Widely considered to be the most brazen act of international terrorism
committed in the US capital, the Letelier bombing remains
a study in cold war politics.

While top Pinochet aides and anti-Castro Cuban terrorists have been
convicted for the bombing, evidence directly linking Pinochet
has yet to emerge.

But the flood of new information could force the United States to
invigorate a long- dormant justice department extradition request
for Gen Pinochet, if investigators believe they have grounds implicating him.

"There has been a positive attitude [from Washington] to provide
information to clear up the truth," said Fabiola Letelier, the slain
diplomat's sister. "Don't forget that Janet Reno [the current US attorney
general] supported the declassification" of documents that
began with the 1998 judicial process against Gen Pinochet in Spain, she
added.

In the two years since the arrest of Gen Pinochet in a London clinic after
Spain sought - unsuccessfully - to extradite him to face
charges of abuses committed under his regime, US officials have seen their
cold war actions exposed to new examination.
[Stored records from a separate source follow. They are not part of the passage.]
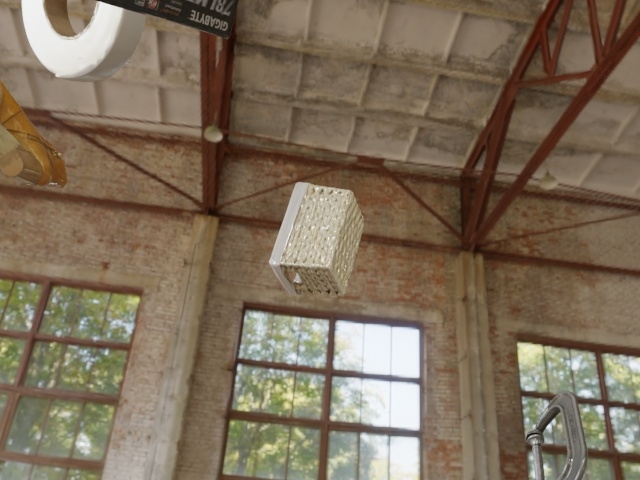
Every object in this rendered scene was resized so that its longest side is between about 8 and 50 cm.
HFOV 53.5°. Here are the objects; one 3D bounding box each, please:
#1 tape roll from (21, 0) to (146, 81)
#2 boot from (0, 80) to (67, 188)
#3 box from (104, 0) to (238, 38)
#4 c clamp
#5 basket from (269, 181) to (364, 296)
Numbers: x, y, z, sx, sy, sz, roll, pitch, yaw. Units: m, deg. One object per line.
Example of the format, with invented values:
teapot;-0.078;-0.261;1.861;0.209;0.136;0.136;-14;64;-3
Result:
tape roll;-0.572;-0.580;1.524;0.392;0.392;0.072;-15;-4;31
boot;-0.678;-0.248;1.404;0.104;0.295;0.211;-27;-1;1
box;-0.303;-0.352;0.821;0.293;0.073;0.295;22;16;20
c clamp;0.256;0.252;0.719;0.022;0.161;0.137;23;-53;1
basket;0.000;0.000;1.054;0.103;0.167;0.113;4;-31;22
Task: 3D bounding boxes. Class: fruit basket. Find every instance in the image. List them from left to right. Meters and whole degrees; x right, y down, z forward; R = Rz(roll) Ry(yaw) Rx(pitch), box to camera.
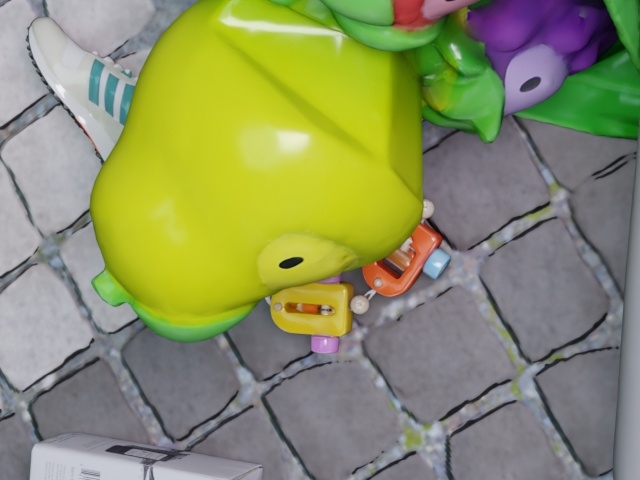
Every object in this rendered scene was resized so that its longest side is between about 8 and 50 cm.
[{"bbox_3d":[0.037,-0.100,1.022,0.282,0.392,0.392,14,99,20],"label":"fruit basket"}]

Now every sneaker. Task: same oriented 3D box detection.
[{"bbox_3d":[-0.131,-0.096,1.262,0.075,0.057,0.161,-36,79,3],"label":"sneaker"}]

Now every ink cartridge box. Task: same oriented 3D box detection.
[{"bbox_3d":[-0.120,0.198,1.267,0.150,0.063,0.109,8,96,20],"label":"ink cartridge box"}]

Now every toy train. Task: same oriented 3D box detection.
[{"bbox_3d":[0.000,0.000,1.218,0.166,0.046,0.125,31,103,13],"label":"toy train"}]

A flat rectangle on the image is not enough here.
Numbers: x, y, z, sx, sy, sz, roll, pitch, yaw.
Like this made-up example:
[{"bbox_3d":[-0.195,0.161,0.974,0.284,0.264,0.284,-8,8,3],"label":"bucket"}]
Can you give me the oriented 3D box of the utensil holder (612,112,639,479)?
[{"bbox_3d":[0.314,-0.034,0.916,0.327,0.327,0.386,9,111,20],"label":"utensil holder"}]
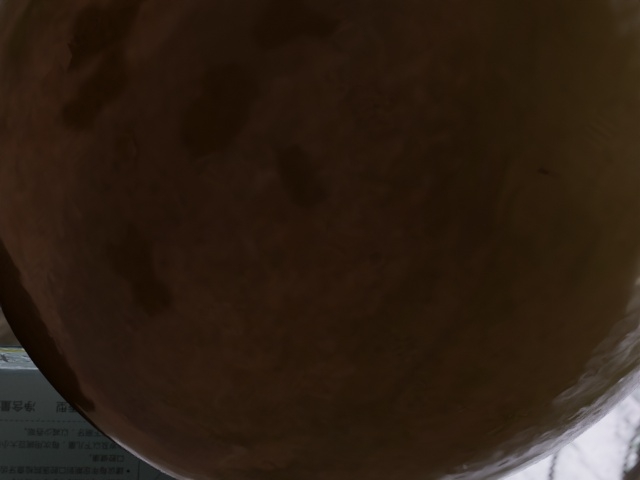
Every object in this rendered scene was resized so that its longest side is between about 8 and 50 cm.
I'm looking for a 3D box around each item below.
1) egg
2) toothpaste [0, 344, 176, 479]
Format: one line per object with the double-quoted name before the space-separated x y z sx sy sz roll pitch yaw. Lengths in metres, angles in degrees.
"egg" 0.013 -0.039 0.568 0.250 0.250 0.322 54 -23 1
"toothpaste" -0.145 0.095 0.852 0.071 0.313 0.089 -166 -101 -74
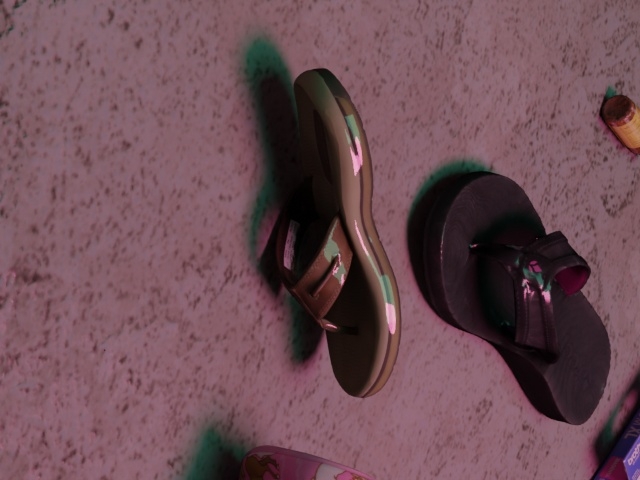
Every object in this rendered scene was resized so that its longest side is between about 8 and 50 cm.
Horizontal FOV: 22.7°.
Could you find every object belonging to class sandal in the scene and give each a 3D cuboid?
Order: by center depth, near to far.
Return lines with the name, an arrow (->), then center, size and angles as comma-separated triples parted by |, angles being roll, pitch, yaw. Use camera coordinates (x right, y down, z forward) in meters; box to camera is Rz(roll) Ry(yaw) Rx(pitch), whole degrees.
sandal -> -0.001, -0.002, 1.388 | 0.086, 0.120, 0.303 | -20, 114, -20
sandal -> 0.245, 0.064, 1.719 | 0.446, 0.107, 0.167 | 43, 63, -49

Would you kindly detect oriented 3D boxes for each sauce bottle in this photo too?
sauce bottle -> 0.379, -0.131, 1.918 | 0.128, 0.042, 0.042 | 39, 66, -53

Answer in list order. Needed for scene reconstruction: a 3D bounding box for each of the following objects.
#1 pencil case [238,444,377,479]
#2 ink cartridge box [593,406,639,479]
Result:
pencil case -> -0.050, 0.362, 1.308 | 0.160, 0.167, 0.386 | 93, 18, -65
ink cartridge box -> 0.435, 0.334, 2.078 | 0.186, 0.065, 0.311 | -49, 135, -37
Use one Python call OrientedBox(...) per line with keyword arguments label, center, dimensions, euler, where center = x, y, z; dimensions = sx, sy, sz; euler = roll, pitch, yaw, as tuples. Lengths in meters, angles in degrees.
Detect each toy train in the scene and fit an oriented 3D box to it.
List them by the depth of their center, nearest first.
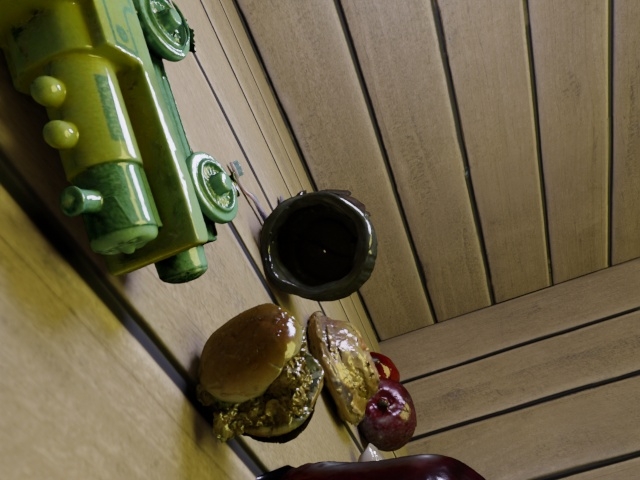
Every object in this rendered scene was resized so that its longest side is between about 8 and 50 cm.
OrientedBox(label="toy train", center=(-0.210, -0.129, 0.483), dimensions=(0.237, 0.150, 0.369), euler=(-4, 75, -75))

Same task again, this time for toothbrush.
OrientedBox(label="toothbrush", center=(-0.167, -0.095, 1.216), dimensions=(0.021, 0.027, 0.269), euler=(59, -6, 47))

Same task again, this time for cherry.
OrientedBox(label="cherry", center=(0.226, 0.604, 1.649), dimensions=(0.300, 0.203, 0.230), euler=(83, -6, -45))

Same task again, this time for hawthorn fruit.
OrientedBox(label="hawthorn fruit", center=(0.199, 0.510, 1.809), dimensions=(0.202, 0.185, 0.185), euler=(49, 21, -48))

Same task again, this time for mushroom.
OrientedBox(label="mushroom", center=(0.150, 0.671, 1.316), dimensions=(0.097, 0.088, 0.212), euler=(119, -33, -54))

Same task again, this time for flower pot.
OrientedBox(label="flower pot", center=(0.000, 0.000, 1.198), dimensions=(0.213, 0.302, 0.302), euler=(28, 43, -79))

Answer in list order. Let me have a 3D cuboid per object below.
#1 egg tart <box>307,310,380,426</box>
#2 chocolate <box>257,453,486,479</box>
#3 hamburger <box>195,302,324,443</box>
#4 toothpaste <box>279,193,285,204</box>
OrientedBox(label="egg tart", center=(0.078, 0.356, 1.397), dimensions=(0.352, 0.150, 0.352), euler=(-22, 90, -86))
OrientedBox(label="chocolate", center=(0.114, 0.448, 0.634), dimensions=(0.383, 0.331, 0.383), euler=(-22, 90, -85))
OrientedBox(label="hamburger", center=(-0.085, 0.171, 0.611), dimensions=(0.185, 0.159, 0.131), euler=(-62, 143, -44))
OrientedBox(label="toothpaste", center=(-0.099, -0.059, 1.525), dimensions=(0.299, 0.073, 0.114), euler=(-113, 180, -68))
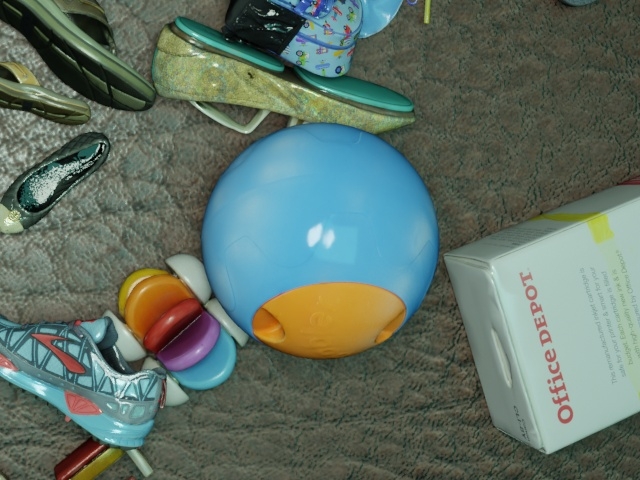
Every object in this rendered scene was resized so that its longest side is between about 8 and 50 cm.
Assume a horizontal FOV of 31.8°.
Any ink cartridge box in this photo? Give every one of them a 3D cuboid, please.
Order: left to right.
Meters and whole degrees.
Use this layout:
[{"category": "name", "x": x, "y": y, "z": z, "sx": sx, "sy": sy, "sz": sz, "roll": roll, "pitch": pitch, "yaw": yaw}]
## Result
[{"category": "ink cartridge box", "x": 0.398, "y": 0.085, "z": 1.569, "sx": 0.384, "sy": 0.160, "sz": 0.279, "roll": -21, "pitch": 100, "yaw": -16}]

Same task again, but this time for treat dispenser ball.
[{"category": "treat dispenser ball", "x": 0.000, "y": 0.000, "z": 1.363, "sx": 0.288, "sy": 0.288, "sz": 0.288, "roll": -1, "pitch": 94, "yaw": -18}]

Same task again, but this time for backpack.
[{"category": "backpack", "x": -0.019, "y": -0.288, "z": 1.383, "sx": 0.173, "sy": 0.117, "sz": 0.158, "roll": 25, "pitch": 41, "yaw": -17}]

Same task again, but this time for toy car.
[{"category": "toy car", "x": -0.173, "y": 0.115, "z": 1.394, "sx": 0.159, "sy": 0.136, "sz": 0.182, "roll": -43, "pitch": 105, "yaw": -12}]

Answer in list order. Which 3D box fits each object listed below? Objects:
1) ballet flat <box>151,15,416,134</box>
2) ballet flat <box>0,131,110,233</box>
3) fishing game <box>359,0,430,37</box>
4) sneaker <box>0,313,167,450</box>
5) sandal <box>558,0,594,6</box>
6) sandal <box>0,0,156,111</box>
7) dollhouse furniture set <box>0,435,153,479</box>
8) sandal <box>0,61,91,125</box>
[{"category": "ballet flat", "x": -0.051, "y": -0.180, "z": 1.437, "sx": 0.348, "sy": 0.123, "sz": 0.123, "roll": 16, "pitch": 89, "yaw": -19}, {"category": "ballet flat", "x": -0.330, "y": -0.074, "z": 1.374, "sx": 0.173, "sy": 0.049, "sz": 0.057, "roll": -44, "pitch": 105, "yaw": -11}, {"category": "fishing game", "x": 0.030, "y": -0.356, "z": 1.480, "sx": 0.264, "sy": 0.041, "sz": 0.189, "roll": 7, "pitch": 92, "yaw": -16}, {"category": "sneaker", "x": -0.296, "y": 0.134, "z": 1.343, "sx": 0.261, "sy": 0.104, "sz": 0.125, "roll": 32, "pitch": 94, "yaw": 3}, {"category": "sandal", "x": 0.373, "y": -0.446, "z": 1.588, "sx": 0.097, "sy": 0.054, "sz": 0.255, "roll": 14, "pitch": 80, "yaw": -26}, {"category": "sandal", "x": -0.308, "y": -0.268, "z": 1.338, "sx": 0.303, "sy": 0.120, "sz": 0.086, "roll": 43, "pitch": 67, "yaw": -16}, {"category": "dollhouse furniture set", "x": -0.377, "y": 0.344, "z": 1.308, "sx": 0.374, "sy": 0.201, "sz": 0.152, "roll": -40, "pitch": 104, "yaw": -12}, {"category": "sandal", "x": -0.361, "y": -0.187, "z": 1.349, "sx": 0.180, "sy": 0.072, "sz": 0.049, "roll": 16, "pitch": 73, "yaw": -20}]
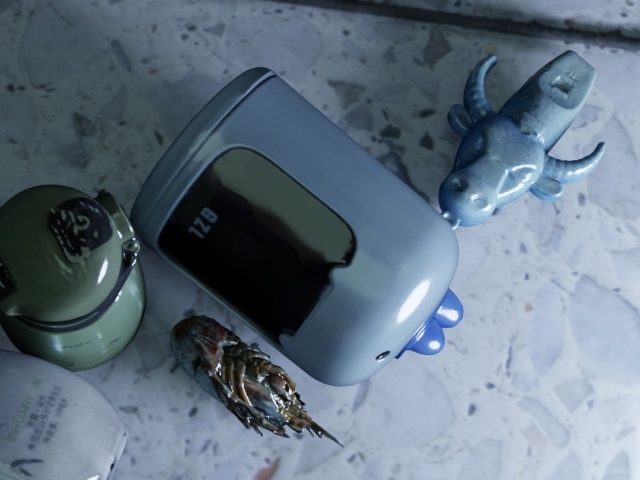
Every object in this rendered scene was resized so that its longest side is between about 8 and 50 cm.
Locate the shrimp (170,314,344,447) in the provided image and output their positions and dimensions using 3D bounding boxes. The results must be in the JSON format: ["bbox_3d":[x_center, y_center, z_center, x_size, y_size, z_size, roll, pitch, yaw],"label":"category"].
[{"bbox_3d":[-0.068,0.162,1.948,0.233,0.079,0.090,34,41,1],"label":"shrimp"}]

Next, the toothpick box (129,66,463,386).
[{"bbox_3d":[0.000,0.000,1.912,0.354,0.263,0.263,40,79,4],"label":"toothpick box"}]

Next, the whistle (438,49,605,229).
[{"bbox_3d":[0.223,-0.112,2.009,0.180,0.093,0.269,38,78,6],"label":"whistle"}]

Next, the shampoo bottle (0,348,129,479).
[{"bbox_3d":[-0.354,0.245,1.809,0.266,0.273,0.273,20,78,-5],"label":"shampoo bottle"}]

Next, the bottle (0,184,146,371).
[{"bbox_3d":[-0.266,0.036,1.822,0.168,0.347,0.169,1,78,-5],"label":"bottle"}]
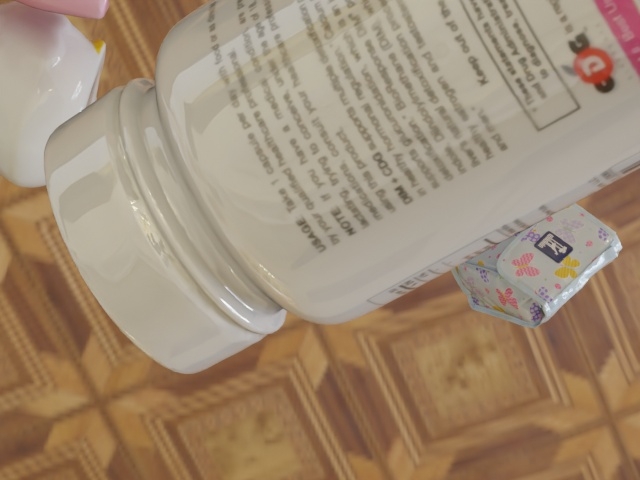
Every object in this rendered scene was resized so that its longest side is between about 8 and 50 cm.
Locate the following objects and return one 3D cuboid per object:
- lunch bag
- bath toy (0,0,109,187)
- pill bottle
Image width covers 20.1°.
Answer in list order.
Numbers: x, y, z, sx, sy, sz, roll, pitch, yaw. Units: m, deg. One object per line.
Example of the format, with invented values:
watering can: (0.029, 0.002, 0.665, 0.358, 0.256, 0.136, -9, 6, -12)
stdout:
lunch bag: (0.128, 0.011, 1.064, 0.071, 0.083, 0.053, -41, 121, -19)
bath toy: (-0.154, -0.192, 0.931, 0.129, 0.151, 0.348, 15, 121, -4)
pill bottle: (0.028, -0.061, 0.808, 0.283, 0.160, 0.160, -29, 114, 15)
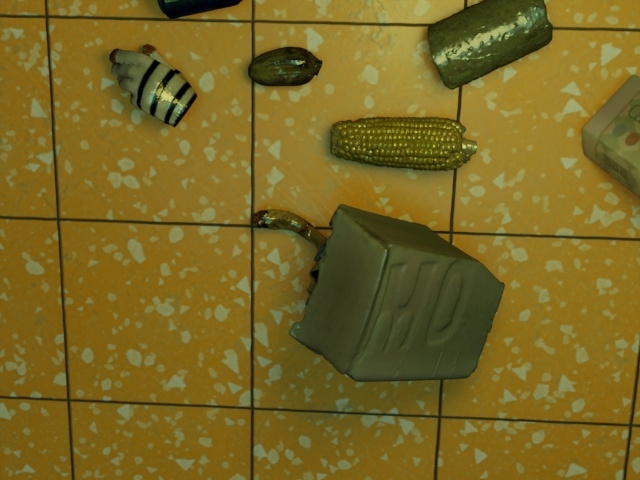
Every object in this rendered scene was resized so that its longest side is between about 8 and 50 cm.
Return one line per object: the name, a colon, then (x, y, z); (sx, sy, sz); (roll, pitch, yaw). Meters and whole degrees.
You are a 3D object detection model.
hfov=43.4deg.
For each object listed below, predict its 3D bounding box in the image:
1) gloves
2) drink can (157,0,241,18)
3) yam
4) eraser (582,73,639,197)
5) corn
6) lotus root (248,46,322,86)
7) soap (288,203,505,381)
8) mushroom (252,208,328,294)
gloves: (-0.406, -0.374, 1.902); (0.218, 0.131, 0.140); (36, 101, -15)
drink can: (-0.272, -0.583, 1.846); (0.204, 0.118, 0.118); (-9, 103, 5)
yam: (0.376, -0.462, 1.819); (0.267, 0.161, 0.161); (-25, 101, 11)
eraser: (0.747, -0.191, 1.752); (0.082, 0.397, 0.213); (30, 106, -36)
corn: (0.194, -0.232, 1.901); (0.346, 0.130, 0.130); (5, 104, 5)
lotus root: (-0.083, -0.410, 1.896); (0.179, 0.081, 0.089); (-1, 117, 8)
soap: (0.193, 0.139, 1.851); (0.435, 0.213, 0.351); (9, 103, -40)
mushroom: (0.020, -0.006, 1.958); (0.302, 0.233, 0.208); (58, 144, 2)
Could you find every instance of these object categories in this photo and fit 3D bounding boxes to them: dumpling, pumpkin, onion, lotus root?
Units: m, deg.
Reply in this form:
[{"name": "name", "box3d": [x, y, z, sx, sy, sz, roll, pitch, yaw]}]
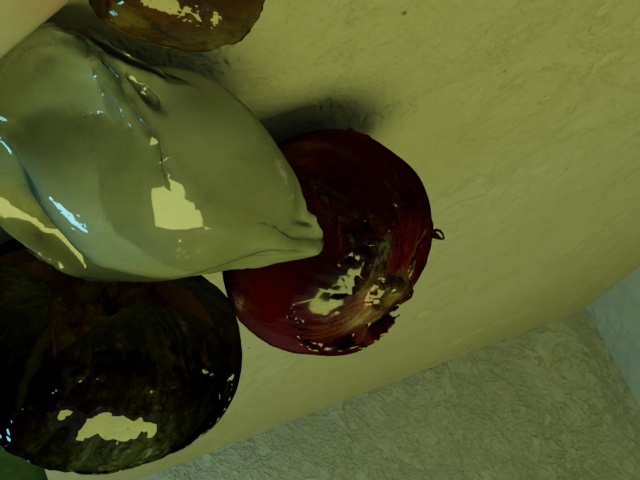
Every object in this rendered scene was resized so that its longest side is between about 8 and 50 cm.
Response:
[{"name": "dumpling", "box3d": [-0.169, -0.047, 0.897, 0.260, 0.181, 0.341, -23, 163, 25]}, {"name": "pumpkin", "box3d": [-0.241, 0.118, 1.053, 0.320, 0.320, 0.192, -10, 123, -37]}, {"name": "onion", "box3d": [0.000, 0.000, 1.137, 0.276, 0.276, 0.276, -22, 162, -8]}, {"name": "lotus root", "box3d": [-0.104, -0.198, 0.704, 0.135, 0.095, 0.159, 0, 145, -44]}]

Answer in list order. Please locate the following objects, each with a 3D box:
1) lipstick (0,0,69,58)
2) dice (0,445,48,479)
[{"name": "lipstick", "box3d": [-0.253, -0.150, 0.646, 0.327, 0.087, 0.087, -32, 161, 21]}, {"name": "dice", "box3d": [-0.551, 0.373, 1.285, 0.318, 0.330, 0.322, -17, 168, -34]}]
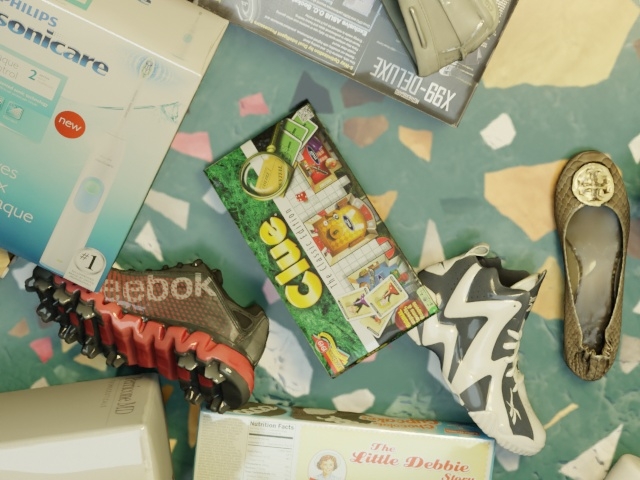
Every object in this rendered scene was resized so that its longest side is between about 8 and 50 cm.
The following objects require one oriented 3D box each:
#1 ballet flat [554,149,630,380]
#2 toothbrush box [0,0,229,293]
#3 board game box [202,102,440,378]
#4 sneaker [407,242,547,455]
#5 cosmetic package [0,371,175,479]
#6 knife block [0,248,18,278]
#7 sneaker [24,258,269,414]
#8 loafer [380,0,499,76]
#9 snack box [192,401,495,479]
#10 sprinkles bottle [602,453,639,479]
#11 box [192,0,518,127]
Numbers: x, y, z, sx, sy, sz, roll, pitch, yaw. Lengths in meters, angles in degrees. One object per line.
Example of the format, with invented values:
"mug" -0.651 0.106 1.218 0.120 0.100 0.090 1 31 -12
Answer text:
"ballet flat" 0.290 0.030 1.975 0.084 0.058 0.250 1 100 -2
"toothbrush box" -0.251 -0.126 1.844 0.216 0.126 0.295 26 123 -6
"board game box" 0.000 0.000 1.940 0.136 0.030 0.260 -33 82 6
"sneaker" 0.200 0.105 1.968 0.153 0.094 0.235 -38 89 14
"cosmetic package" -0.385 0.265 1.914 0.453 0.230 0.162 -8 100 -1
"knife block" -0.483 0.047 1.942 0.242 0.088 0.276 34 98 -8
"sneaker" -0.174 0.073 1.951 0.276 0.098 0.135 22 56 16
"loafer" 0.047 -0.304 1.803 0.111 0.112 0.319 -38 99 -4
"snack box" 0.020 0.281 2.013 0.321 0.060 0.187 6 101 -3
"sprinkles bottle" 0.278 0.406 2.013 0.121 0.121 0.355 33 98 -7
"box" 0.055 -0.289 1.902 0.307 0.076 0.242 24 99 -5
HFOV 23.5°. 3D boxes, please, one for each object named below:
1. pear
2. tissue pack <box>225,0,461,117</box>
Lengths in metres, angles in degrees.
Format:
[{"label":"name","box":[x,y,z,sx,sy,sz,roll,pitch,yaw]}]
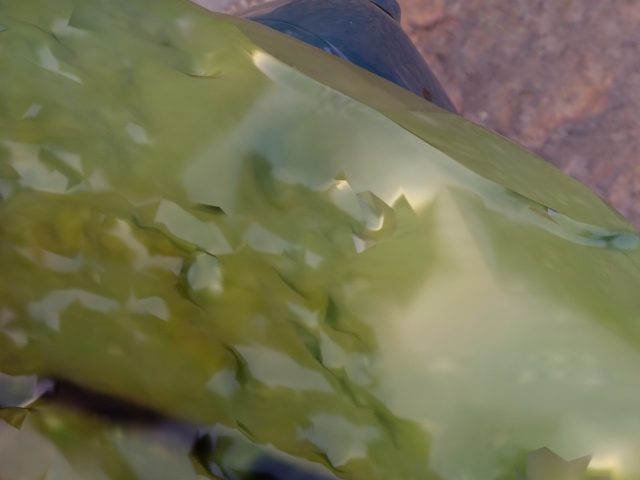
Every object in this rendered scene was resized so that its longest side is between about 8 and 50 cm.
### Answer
[{"label":"pear","box":[0.009,0.131,0.417,0.318,0.342,0.238,14,138,-26]},{"label":"tissue pack","box":[0.000,0.000,0.886,0.287,0.198,0.206,57,47,-23]}]

This has covered not only the extensive clandestine support given to the
Chilean dictatorship in the 1970s, but also, more
recently, Washington's actions with the professed aim of protecting human
rights in Latin America.

Gen Pinochet, 84, is unlikely ever to be extradited to the US, but a formal
request would be the ultimate indignity for him at his
former allies' hands, and another CIA embarrassment.